Brewed another golden ale, same grist as the last one but I went for a single infusion @152F instead of a step mash and went with a longer brewlength so got an OG of 1.040. Also changed the yeast, did a co pitch of London ESB and an american pale ale yeast from a new company here


OG 1.040
30 to 40 IBU
88.4 % Pilsner malt
8.4 % carahell
3.2 % Torrified wheat

Atlas 30g FWH
Cascade US 100g Steep 15 mins
Atlas 20g Steep 15 mins

Crossmyloof Brewery US Pale Ale yeast 10g
London ESB yeast 11g

I just sprinkled the yeast this time as my OG was nice and low and it was two packets for the batch. Hoping the US yeast takes it down nice and low and the ESB to give some fruityness to it. If it goes well I'll probably reuse the cake for a nice big burton/historic IPA

BTW, anyone in the UK want some good value yeast then look out for Crossmyloof ones, they are supposed to be made in germany and have a kolsch, california common etc dried yeasts. Works out at 80p a pack when you order 10 of them :0 I'm going to use the kolsch yeast in my next golden ale I think
 
Brewed another golden ale, same grist as the last one but I went for a single infusion @152F instead of a step mash and went with a longer brewlength so got an OG of 1.040. Also changed the yeast, did a co pitch of London ESB and an american pale ale yeast from a new company here


OG 1.040
30 to 40 IBU
88.4 % Pilsner malt
8.4 % carahell
3.2 % Torrified wheat

Atlas 30g FWH
Cascade US 100g Steep 15 mins
Atlas 20g Steep 15 mins

Crossmyloof Brewery US Pale Ale yeast 10g
London ESB yeast 11g

I just sprinkled the yeast this time as my OG was nice and low and it was two packets for the batch. Hoping the US yeast takes it down nice and low and the ESB to give some fruityness to it. If it goes well I'll probably reuse the cake for a nice big burton/historic IPA

BTW, anyone in the UK want some good value yeast then look out for Crossmyloof ones, they are supposed to be made in germany and have a kolsch, california common etc dried yeasts. Works out at 80p a pack when you order 10 of them :0 I'm going to use the kolsch yeast in my next golden ale I think

Where do you get them?
 
Is this your first time using them? Is the real ale yeast repackaged Nottingham?

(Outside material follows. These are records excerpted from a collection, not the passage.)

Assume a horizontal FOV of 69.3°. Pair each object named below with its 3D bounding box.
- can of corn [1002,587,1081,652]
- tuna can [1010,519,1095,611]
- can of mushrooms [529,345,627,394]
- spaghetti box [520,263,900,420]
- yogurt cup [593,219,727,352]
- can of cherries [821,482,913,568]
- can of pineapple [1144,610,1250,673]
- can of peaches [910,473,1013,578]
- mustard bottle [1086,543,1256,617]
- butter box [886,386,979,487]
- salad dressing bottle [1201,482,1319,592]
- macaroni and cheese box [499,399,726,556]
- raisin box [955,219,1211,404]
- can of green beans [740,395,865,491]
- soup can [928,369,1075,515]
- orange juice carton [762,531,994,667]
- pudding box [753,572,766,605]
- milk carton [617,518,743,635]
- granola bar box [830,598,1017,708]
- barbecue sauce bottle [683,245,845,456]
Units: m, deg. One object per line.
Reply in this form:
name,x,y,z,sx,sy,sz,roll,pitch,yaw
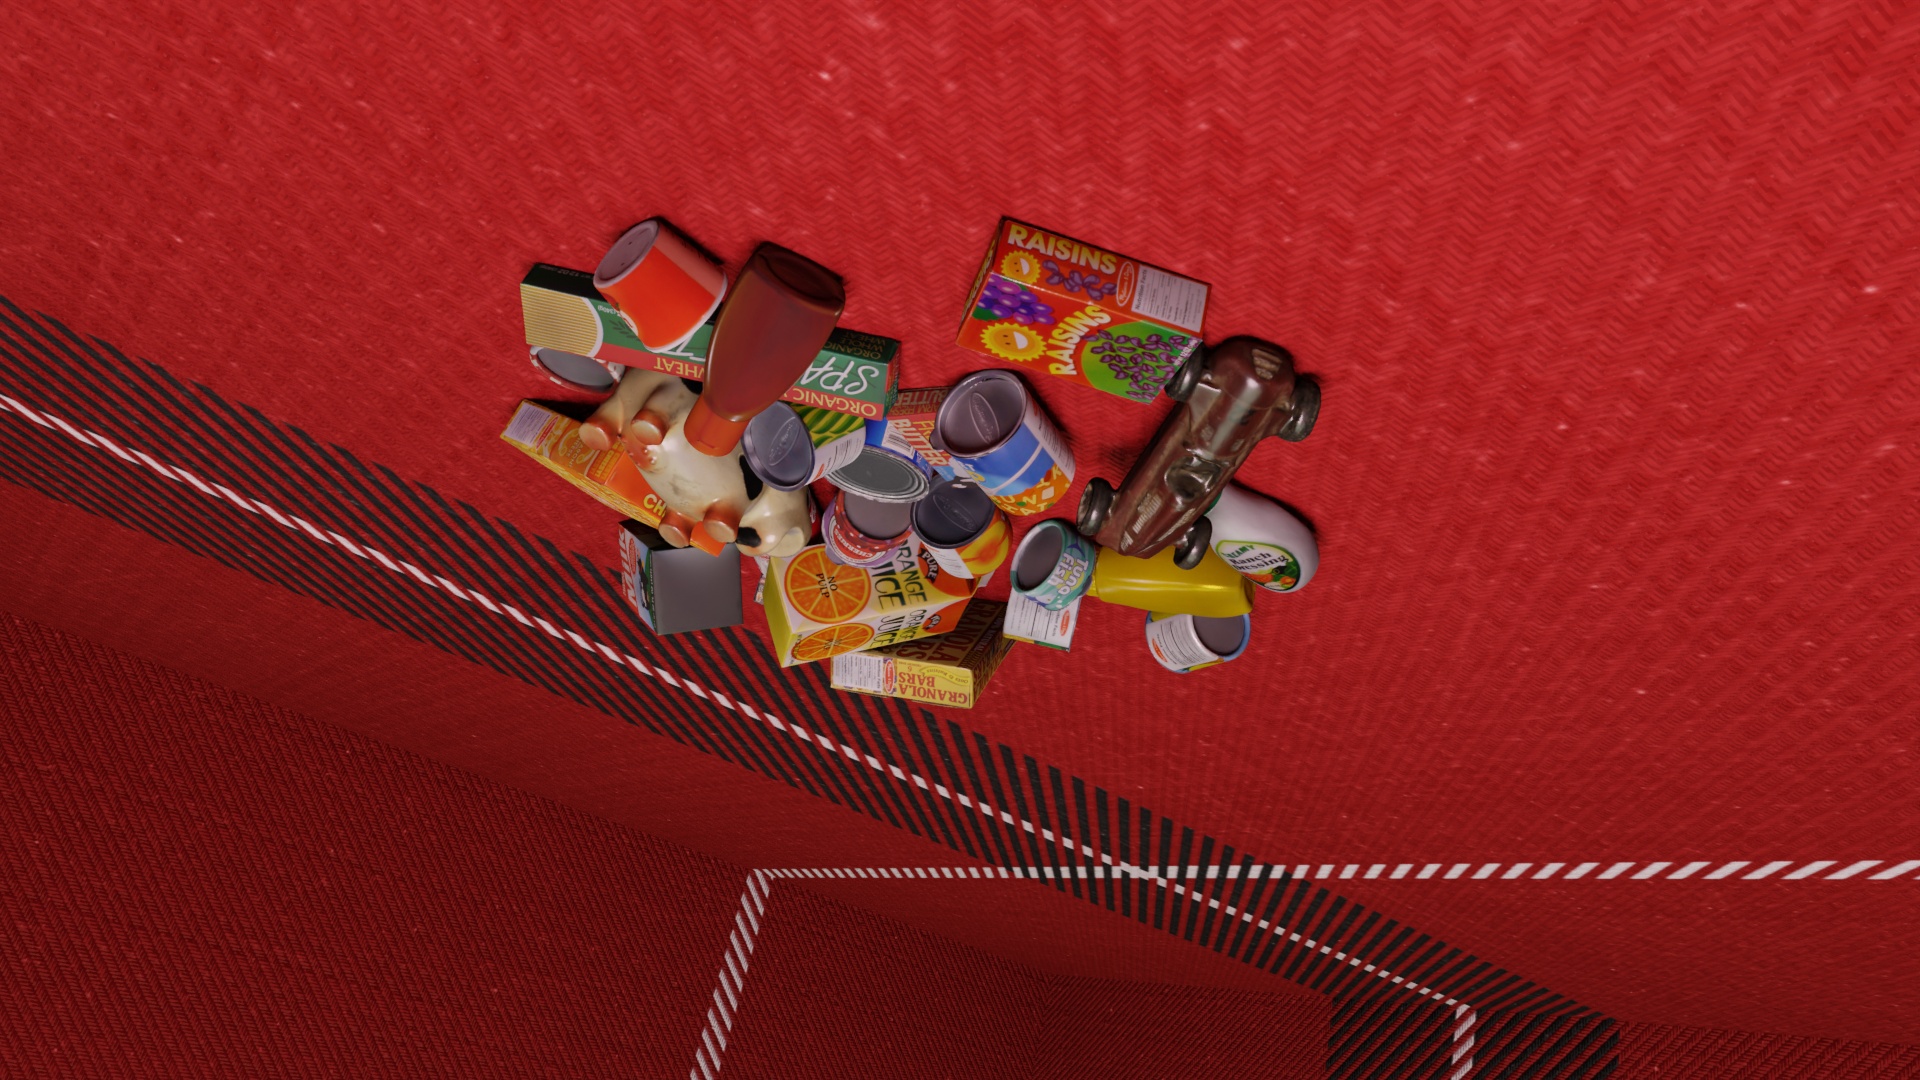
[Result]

Yeah first time for me. No idea if any are exactly the same as the other usual suspects.

If you want a cheaper version of Nottingham then Gervin GV12 ale yeast is the same strain for sure
 
Yeah first time for me. No idea if any are exactly the same as the other usual suspects.

If you want a cheaper version of Nottingham then Gervin GV12 ale yeast is the same strain for sure

I buy that at Wilkos, I think.
 
Brewed another golden ale, same grist as the last one but I went for a single infusion @152F instead of a step mash and went with a longer brewlength so got an OG of 1.040. Also changed the yeast, did a co pitch of London ESB and an american pale ale yeast from a new company here


OG 1.040
30 to 40 IBU
88.4 % Pilsner malt
8.4 % carahell
3.2 % Torrified wheat

Atlas 30g FWH
Cascade US 100g Steep 15 mins
Atlas 20g Steep 15 mins

Crossmyloof Brewery US Pale Ale yeast 10g
London ESB yeast 11g

bottled this today.

FG 1.008, so co pitching the Crossmyloof pale ale yeast worked to ensure the ESB yeast didn't finish too high . However even after a full ten days chilling, it is still very hazy. Taste is nice and fruity, decent body to it too although its not carbed obviously. I think it's a bit low on the IBUs too, probably closer to 25
 
bottled this today.

FG 1.008, so co pitching the Crossmyloof pale ale yeast worked to ensure the ESB yeast didn't finish too high . However even after a full ten days chilling, it is still very hazy. Taste is nice and fruity, decent body to it too although its not carbed obviously. I think it's a bit low on the IBUs too, probably closer to 25

I'm of the firm belief that our homebrew setups undershoot IBUs by as much as a third relative to calculated. I go for high IBU and that has improved my beer.

Did you like Atlas?
 
I'm of the firm belief that our homebrew setups undershoot IBUs by as much as a third relative to calculated. I go for high IBU and that has improved my beer.

Did you like Atlas?

I've got a theory that 15 minute additions only contribute half of the expected IBUs that Beersmith predicts. I could be wrong, but it's worked for me. You might have a point that overall, a third is lost.
 
I'm of the firm belief that our homebrew setups undershoot IBUs by as much as a third relative to calculated. I go for high IBU and that has improved my beer.

Did you like Atlas?


Atlas was pretty decent, I think I used it in a saison last year and it worked well. Although in this case I think it has been dominated by the cascade


It's also been my experience that to get the assertive bitterness that I like, I have to go well above the Tinseth derived IBUs in beersmith to match the sort of bitterness I'm looking for. However I often forget to do so :eek:. Also I imagine the actual AA of the hops we use vary quite a lot as we use comparatively so little.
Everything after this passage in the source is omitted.